* Work instruction: Using the entries that follow, transcribe only the lines from the line with "- ramen bowl [642,284,854,457]" to the line with "HFOV = 33.6 degrees.", both included, exactly as they stand and without pictures.

Start of Provided information

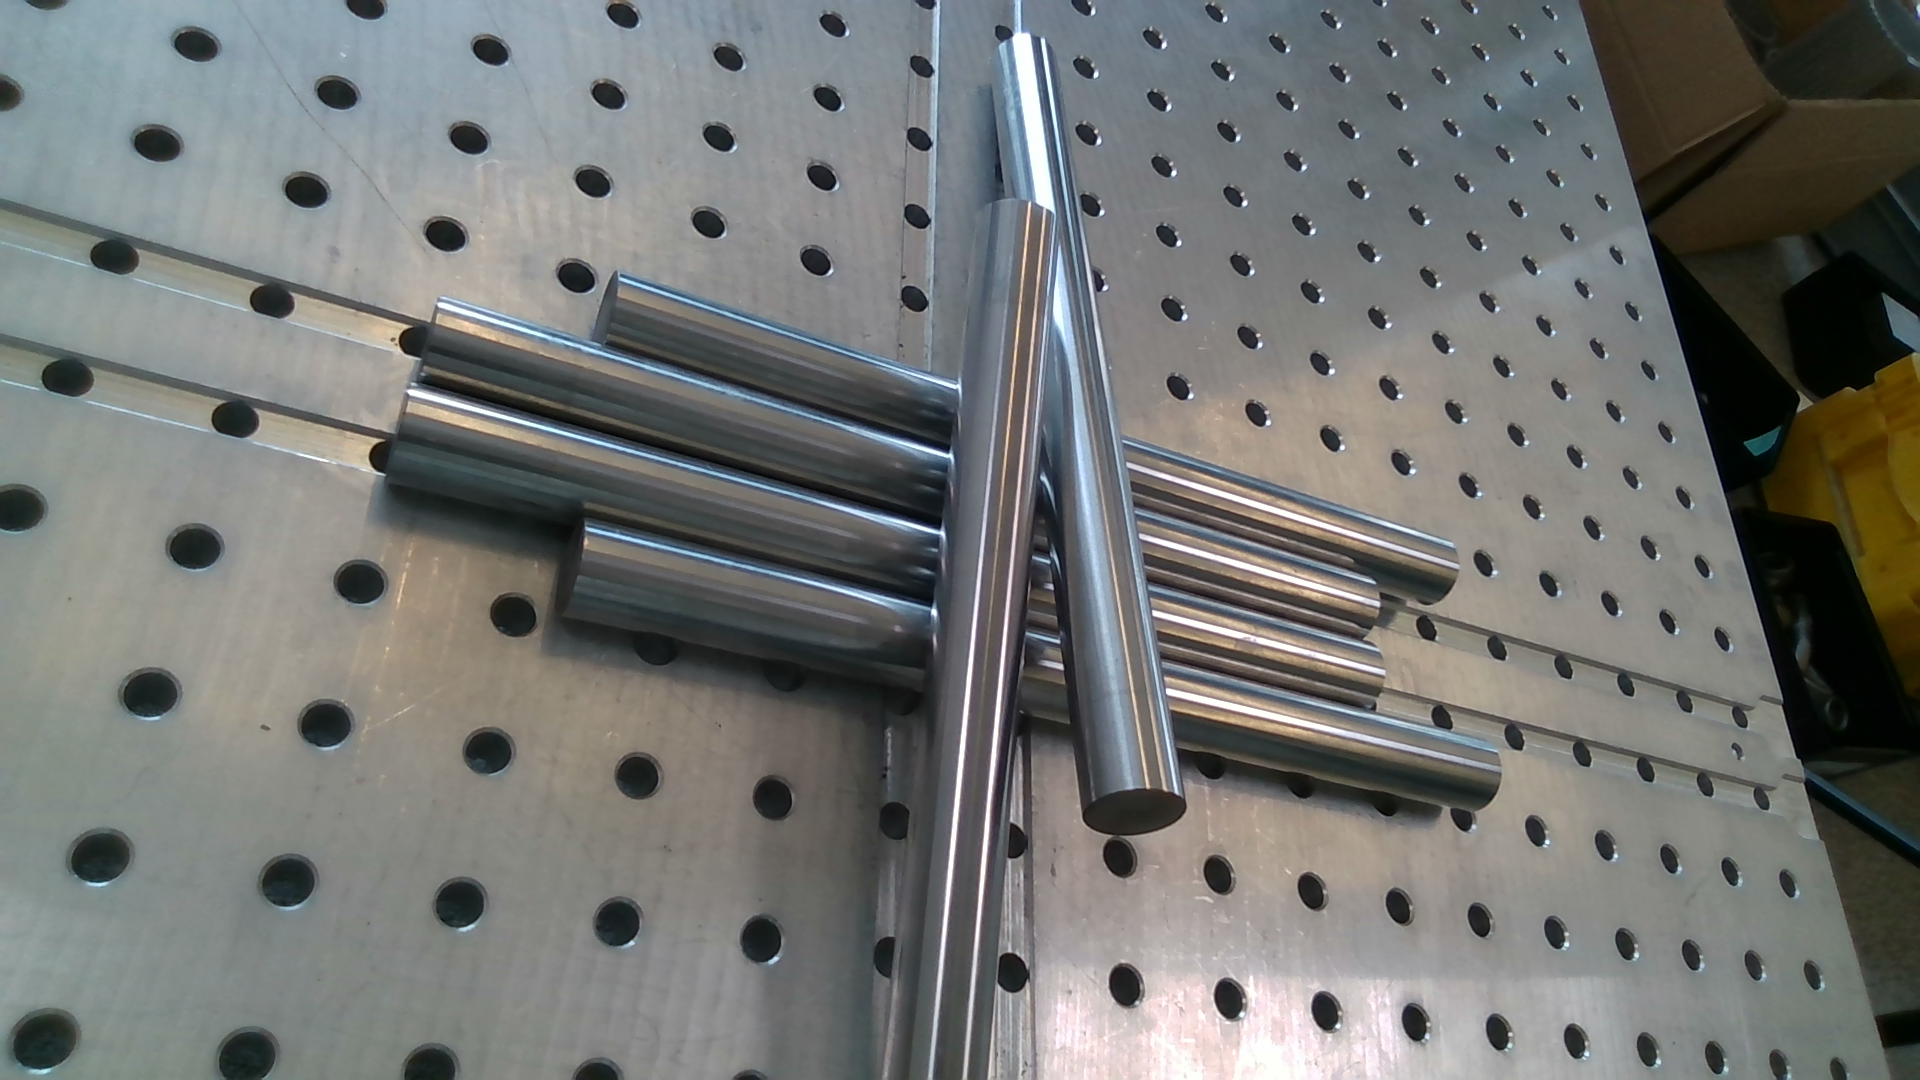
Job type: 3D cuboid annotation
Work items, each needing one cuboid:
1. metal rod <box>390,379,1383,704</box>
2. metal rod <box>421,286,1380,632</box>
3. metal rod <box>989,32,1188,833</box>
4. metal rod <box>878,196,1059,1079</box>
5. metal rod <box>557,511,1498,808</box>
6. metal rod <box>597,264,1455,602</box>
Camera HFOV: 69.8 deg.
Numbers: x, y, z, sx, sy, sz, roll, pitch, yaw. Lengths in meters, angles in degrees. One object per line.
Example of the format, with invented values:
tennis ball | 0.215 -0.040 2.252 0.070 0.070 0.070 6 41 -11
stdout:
metal rod | -0.001 0.009 0.392 0.300 0.025 0.025 15 58 -24
metal rod | 0.001 -0.014 0.403 0.300 0.025 0.025 16 58 -24
metal rod | 0.032 -0.056 0.416 0.025 0.025 0.299 15 49 -24
metal rod | 0.002 0.046 0.346 0.025 0.025 0.299 16 67 -24
metal rod | 0.038 0.041 0.396 0.300 0.025 0.025 15 58 -25
metal rod | 0.036 -0.026 0.431 0.300 0.025 0.025 15 58 -25
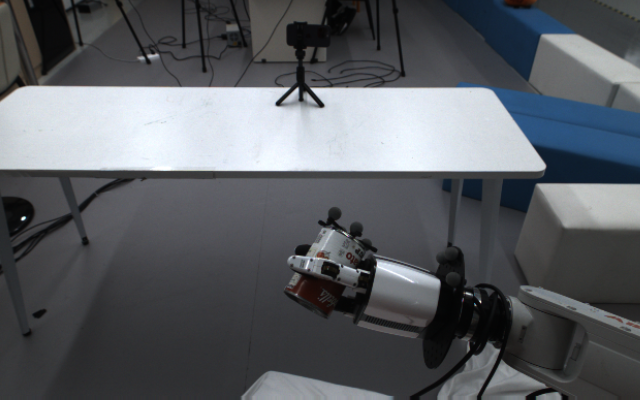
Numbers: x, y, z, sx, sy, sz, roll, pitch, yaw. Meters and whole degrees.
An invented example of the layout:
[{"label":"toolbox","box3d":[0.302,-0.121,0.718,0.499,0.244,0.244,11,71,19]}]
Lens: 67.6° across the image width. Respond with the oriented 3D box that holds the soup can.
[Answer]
[{"label":"soup can","box3d":[0.006,0.092,0.629,0.067,0.067,0.101,25,72,29]}]
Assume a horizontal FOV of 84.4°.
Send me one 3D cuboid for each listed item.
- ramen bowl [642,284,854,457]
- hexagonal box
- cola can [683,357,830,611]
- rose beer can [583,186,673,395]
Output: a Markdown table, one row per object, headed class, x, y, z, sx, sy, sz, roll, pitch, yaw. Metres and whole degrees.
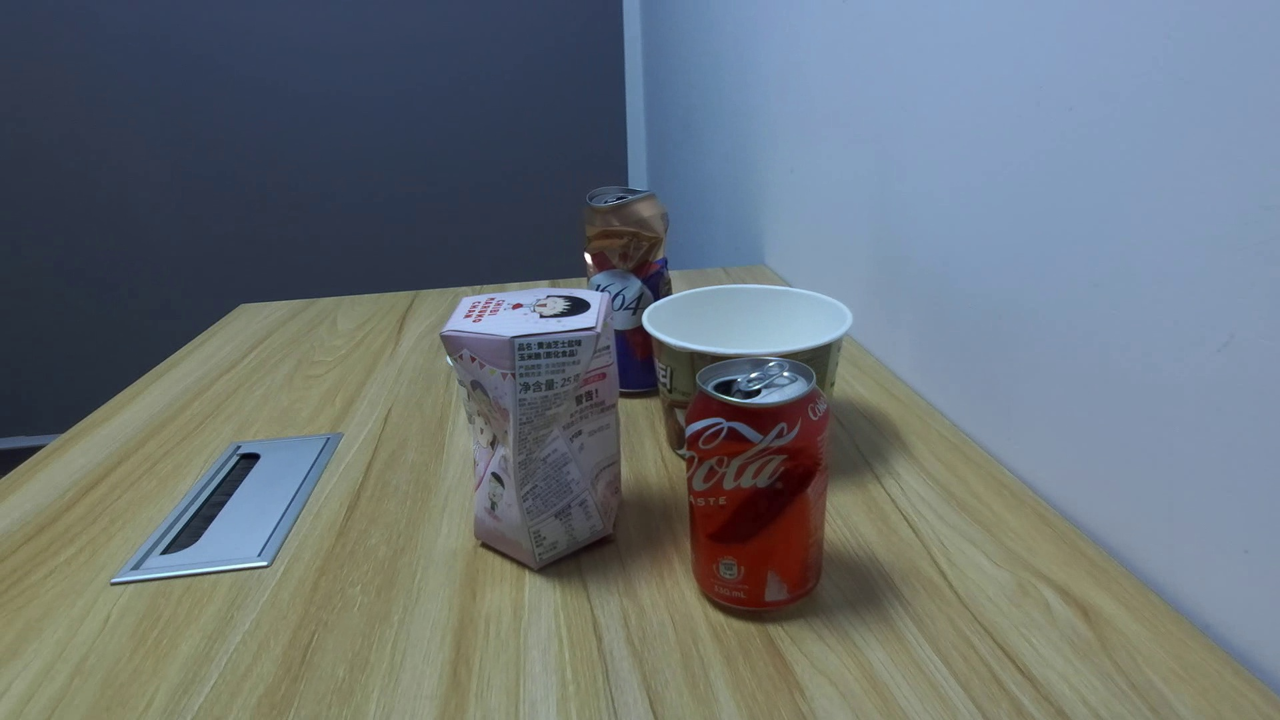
| class | x | y | z | sx | sy | sz | roll | pitch | yaw |
| --- | --- | --- | --- | --- | --- | --- | --- | --- | --- |
| ramen bowl | 0.070 | 0.012 | 0.481 | 0.140 | 0.095 | 0.140 | -1 | 22 | 1 |
| hexagonal box | -0.056 | 0.033 | 0.396 | 0.093 | 0.135 | 0.088 | -17 | 25 | -30 |
| cola can | 0.057 | 0.058 | 0.340 | 0.066 | 0.117 | 0.066 | 4 | 22 | 18 |
| rose beer can | -0.007 | -0.055 | 0.571 | 0.073 | 0.162 | 0.068 | -3 | 21 | 6 |
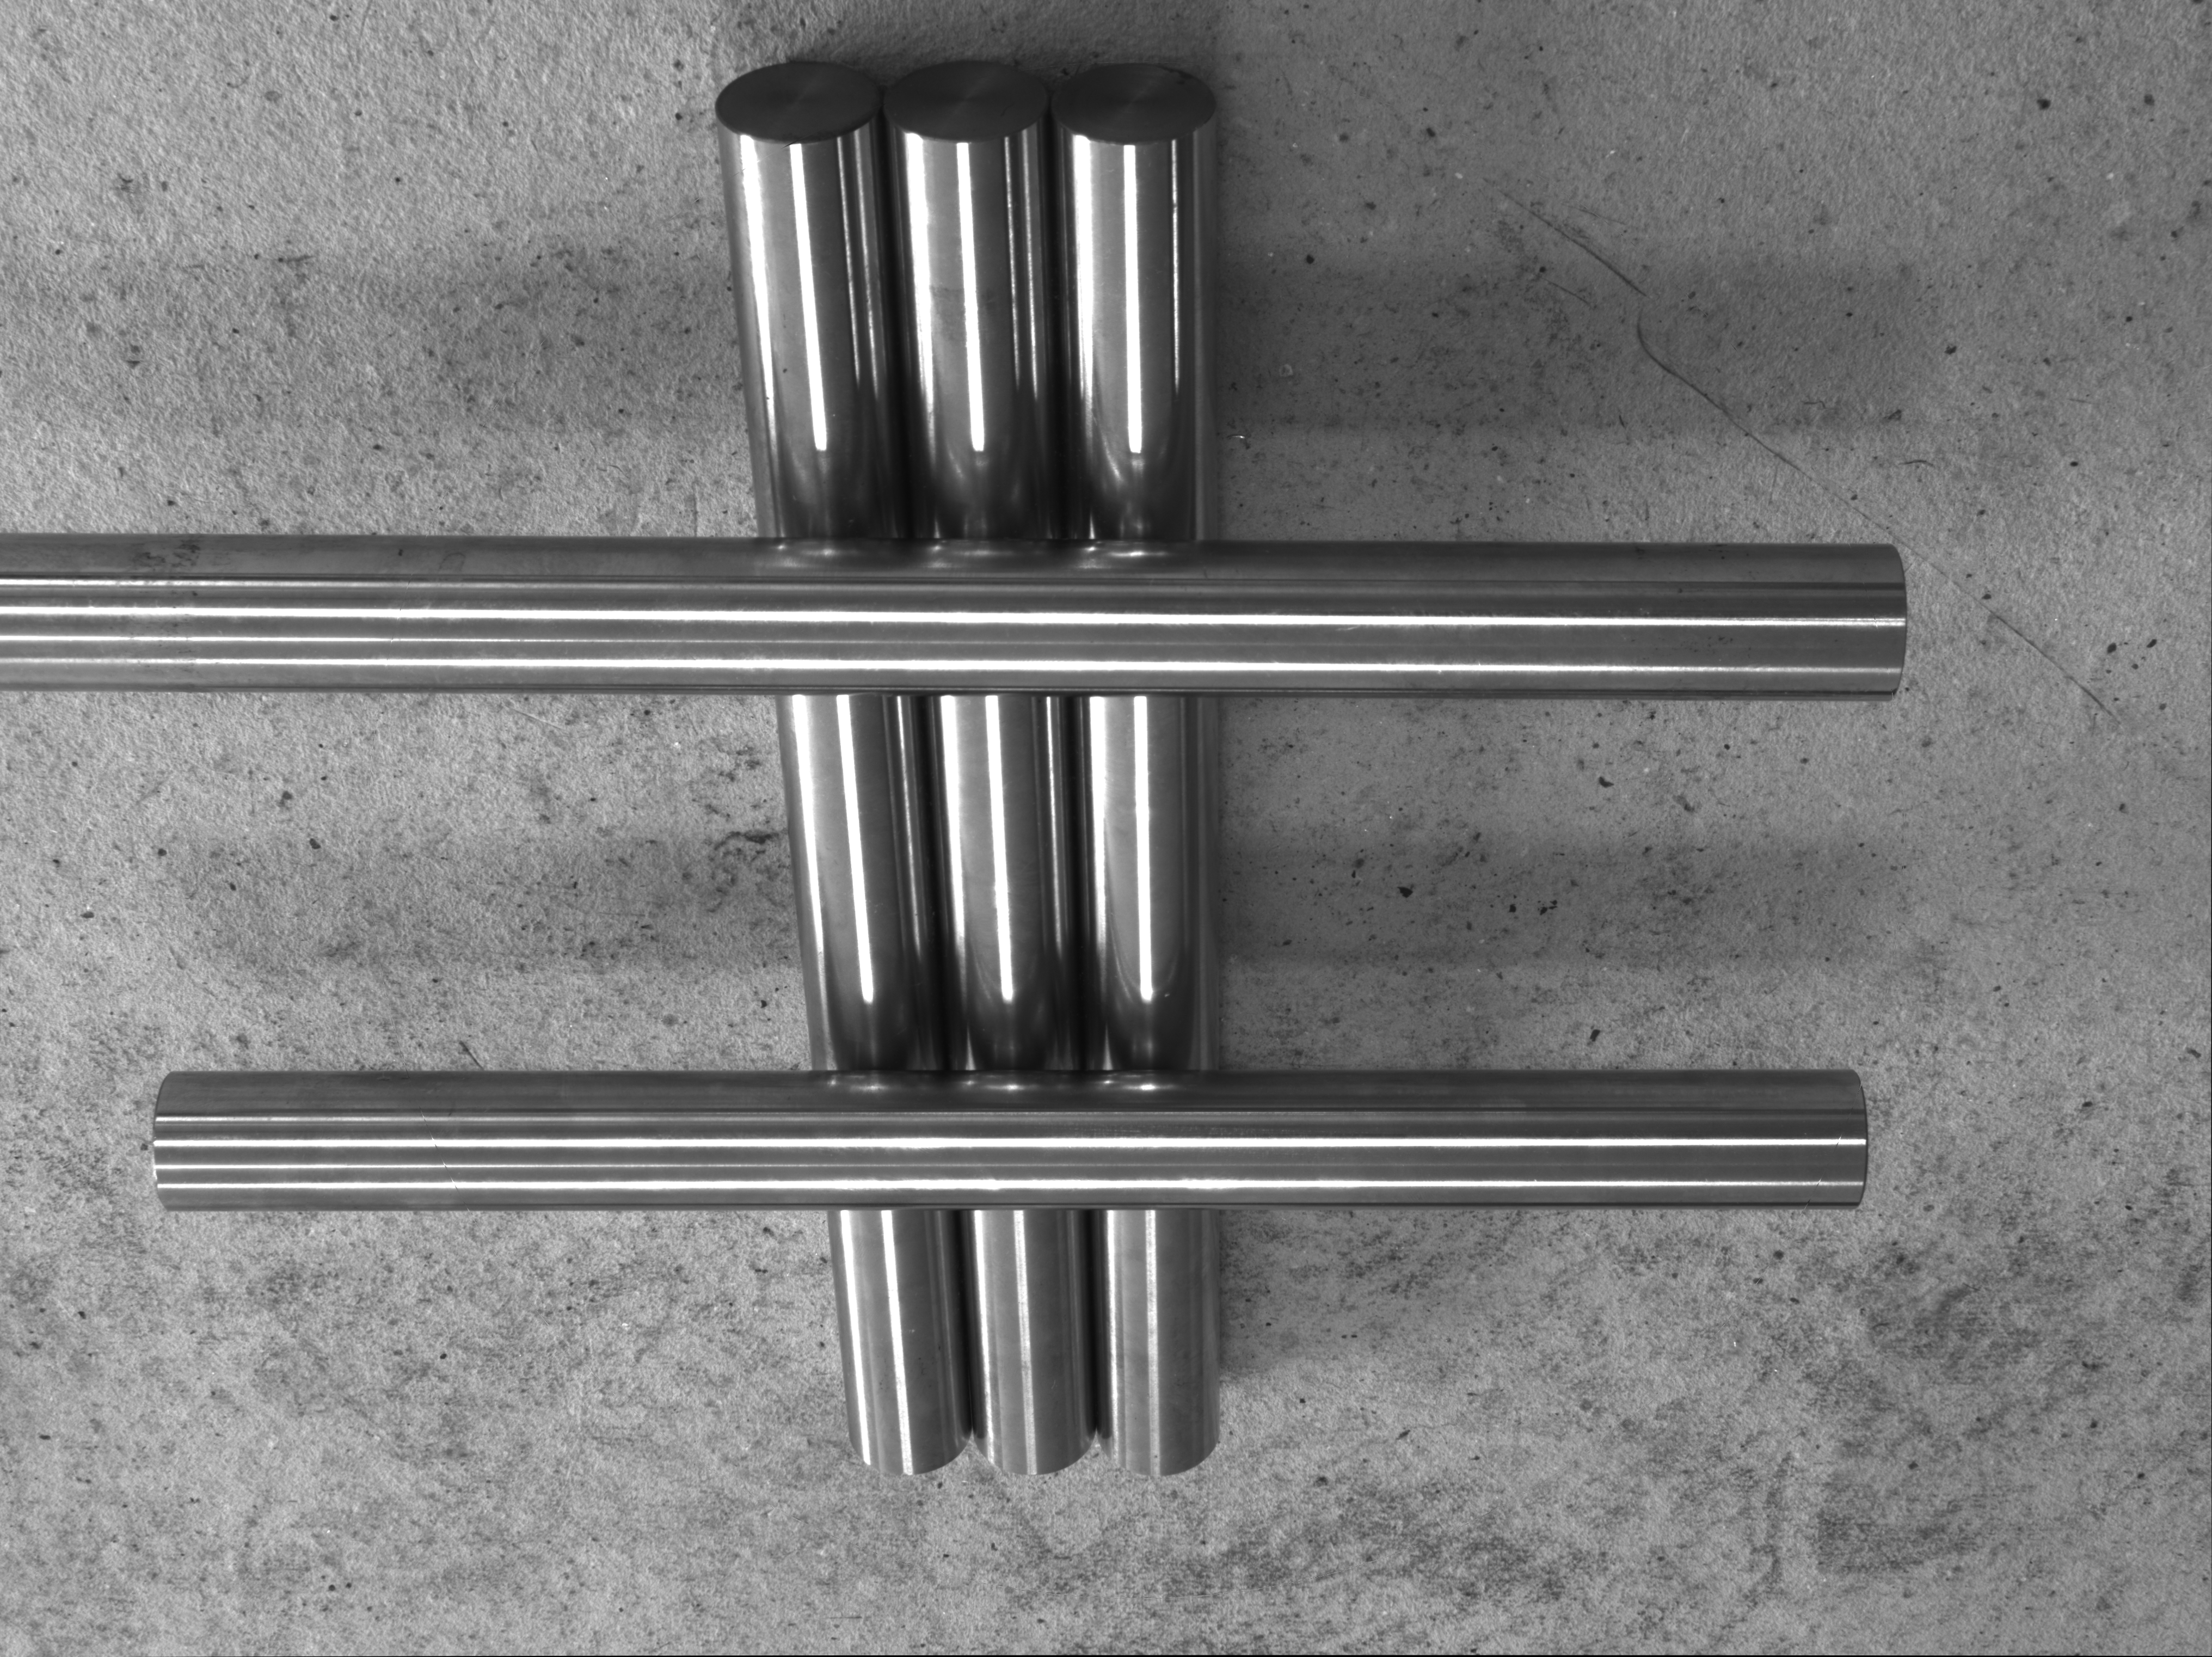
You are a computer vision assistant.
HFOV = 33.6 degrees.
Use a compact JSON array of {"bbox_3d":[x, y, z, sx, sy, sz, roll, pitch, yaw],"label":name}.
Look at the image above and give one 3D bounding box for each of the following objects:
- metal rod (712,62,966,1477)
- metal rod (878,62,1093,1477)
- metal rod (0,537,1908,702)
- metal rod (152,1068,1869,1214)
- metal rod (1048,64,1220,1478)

End of Provided information

* Answer section:
- ramen bowl [642,284,854,457]
- hexagonal box
- cola can [683,357,830,611]
- rose beer can [583,186,673,395]
Output: a Markdown table, one row per object, headed class, x, y, z, sx, sy, sz, roll, pitch, yaw. Metres and whole degrees.
| class | x | y | z | sx | sy | sz | roll | pitch | yaw |
| --- | --- | --- | --- | --- | --- | --- | --- | --- | --- |
| ramen bowl | 0.070 | 0.012 | 0.481 | 0.140 | 0.095 | 0.140 | -1 | 22 | 1 |
| hexagonal box | -0.056 | 0.033 | 0.396 | 0.093 | 0.135 | 0.088 | -17 | 25 | -30 |
| cola can | 0.057 | 0.058 | 0.340 | 0.066 | 0.117 | 0.066 | 4 | 22 | 18 |
| rose beer can | -0.007 | -0.055 | 0.571 | 0.073 | 0.162 | 0.068 | -3 | 21 | 6 |
You are a computer vision assistant.
HFOV = 33.6 degrees.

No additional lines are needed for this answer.